Agricultural university in Rawalpindi, Pakistan

Pir Mehr Ali Shah Arid Agriculture University (abbreviated as PMAS-Arid University) is a public research university in Rawalpindi, Punjab, Pakistan. It is named after Pir Meher Ali Shah, a Punjabi Hanafi scholar.

The university is ranked at No. 2 in the agriculture/veterinary category as per the Higher Education Commission of Pakistan and 7th overall in the ranking of universities in Pakistan.
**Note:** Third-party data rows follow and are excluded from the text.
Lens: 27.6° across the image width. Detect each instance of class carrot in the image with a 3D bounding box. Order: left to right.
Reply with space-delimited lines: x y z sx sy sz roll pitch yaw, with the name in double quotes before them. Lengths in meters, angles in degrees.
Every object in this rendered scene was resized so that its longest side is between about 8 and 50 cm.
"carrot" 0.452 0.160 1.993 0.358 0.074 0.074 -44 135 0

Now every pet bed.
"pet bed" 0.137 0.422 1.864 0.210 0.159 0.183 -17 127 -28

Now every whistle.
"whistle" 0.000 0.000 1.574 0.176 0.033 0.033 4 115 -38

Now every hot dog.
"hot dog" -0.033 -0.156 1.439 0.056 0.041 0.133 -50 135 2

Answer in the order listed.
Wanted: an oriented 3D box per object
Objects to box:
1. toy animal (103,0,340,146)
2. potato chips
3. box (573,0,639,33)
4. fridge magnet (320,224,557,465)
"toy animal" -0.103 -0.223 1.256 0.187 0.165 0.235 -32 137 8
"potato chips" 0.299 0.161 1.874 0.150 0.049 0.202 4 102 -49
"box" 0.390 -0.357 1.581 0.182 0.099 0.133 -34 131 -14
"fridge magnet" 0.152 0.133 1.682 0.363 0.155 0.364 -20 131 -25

Arid Agriculture University offers degree programmes leading to Bachelor, Master and Ph.D. in disciplines including Food Science & Technology, Computer Sciences, Management Sciences, Pure Sciences, Agriculture, Agricultural Engineering, Veterinary & Animal Sciences, Social Sciences and other Arts and Fine Arts programs.

==History==
In the 1970s, the government of Punjab established an agricultural college in Rawalpindi for the development of rain-fed agriculture. The college was upgraded to the level of university in 1994.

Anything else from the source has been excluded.